Но Брадаманта забывает наставления и попадает в плен к Атланту.

75 В тысячный раз Повторивши героине свой наказ, Исчезает волшебница, — и вот, В малой миле по прямой тропе Видит всадница милый облик Руджьера, А над ним двух свирепых великанов, И они его теснят, И уже он на волос от погибели. 76 Как увидела воительница, что в беде Тот, кто всеми чертами — ее милый, Вмиг забыты благие помыслы, Вмиг доверье обернулось тревогой: Вдруг есть внезапная тайная причина, Что Мелисса невзлюбила Руджьера И в неведомом коварстве Хочет ему смерти от возлюбленных рук? 77 Думает: «Не это ли мой Руджьер — Вечно в сердце, а ныне пред очами? Мне ли его не увидеть, не узнать? А не мне, так кому же? Отчего мне верить Не своим глазам, а чужим словам, Если мое сердце и без взгляда Знает, он вдали или здесь?» 78 Думает и слышит: Голос ее Руджьера зовет на помощь; И видит: Витязь шпорит коня, отпустив узду, А великан с великаном По пятам за ним в яростной погоне. Дева вскачь и вслед по всем путям, А пути — к очарованным хоромам. 79 И едва она на порог, Как сомкнулось над ней общее наваждение: Ищет она друга И внутри, и вокруг, впрямь, вкривь, вверх, вниз, Дневно, нощно, — Таково над нею чародеянье, Что видит Руджьера, говорит с Руджьером, А друг друга им не узнать. 80 Но оставим ее, и не печальтесь, Что она в колдовском плену: Будет срок, и я их вызволю, И ее, и ее Руджьера. Но от смены яств живее вкус — Так и мой рассказ, Чем он тут и там разнообразнее, Тем верней не наскучит слуху.

 

Тем временем Аграмант объявляет смотр сарацинам.
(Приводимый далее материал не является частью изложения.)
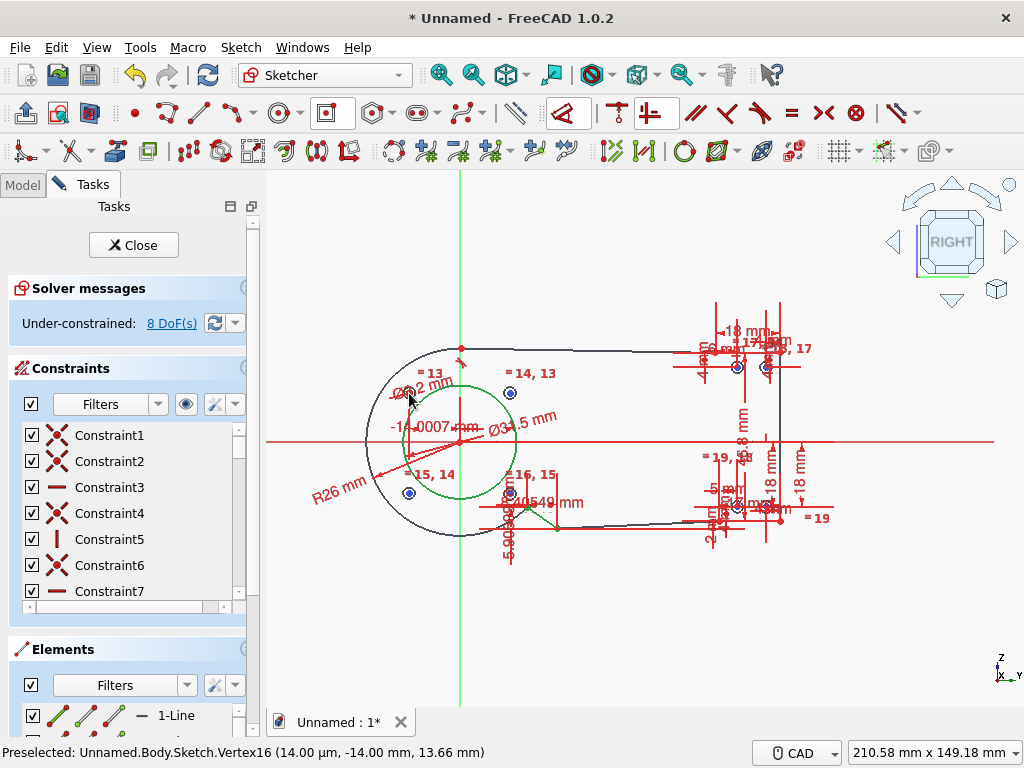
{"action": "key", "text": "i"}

81 Тку я большую ткань, [246] Много в ней мне надобно нитей. Будьте же благосклонны услышать, Как мавры, Встав из станов, предстали всеоружно Королю Аграманту, на страх золотым лилиям Окликнувшему к великому смотру Весь свой люд, чтобы его перечесть: 82 Недочет был и в конных и в пеших, И немалый; Недочет в вождях, и в самых лучших — Испанских, ливийских, эфиопских; В безначальном разброде Были полчища и целые племена; Вот затем и свелись полки на смотр, Чтобы в каждом стал и вождь и порядок. 83 А на смену павшим В сечах и жарких поединках Новый набор учинили короли, Один в Африке, а другой в Испании, Поверстали пришлых по полкам Под начало новым начальникам, — Но и смотр и чин Отложу я, господин мой, до новой песни.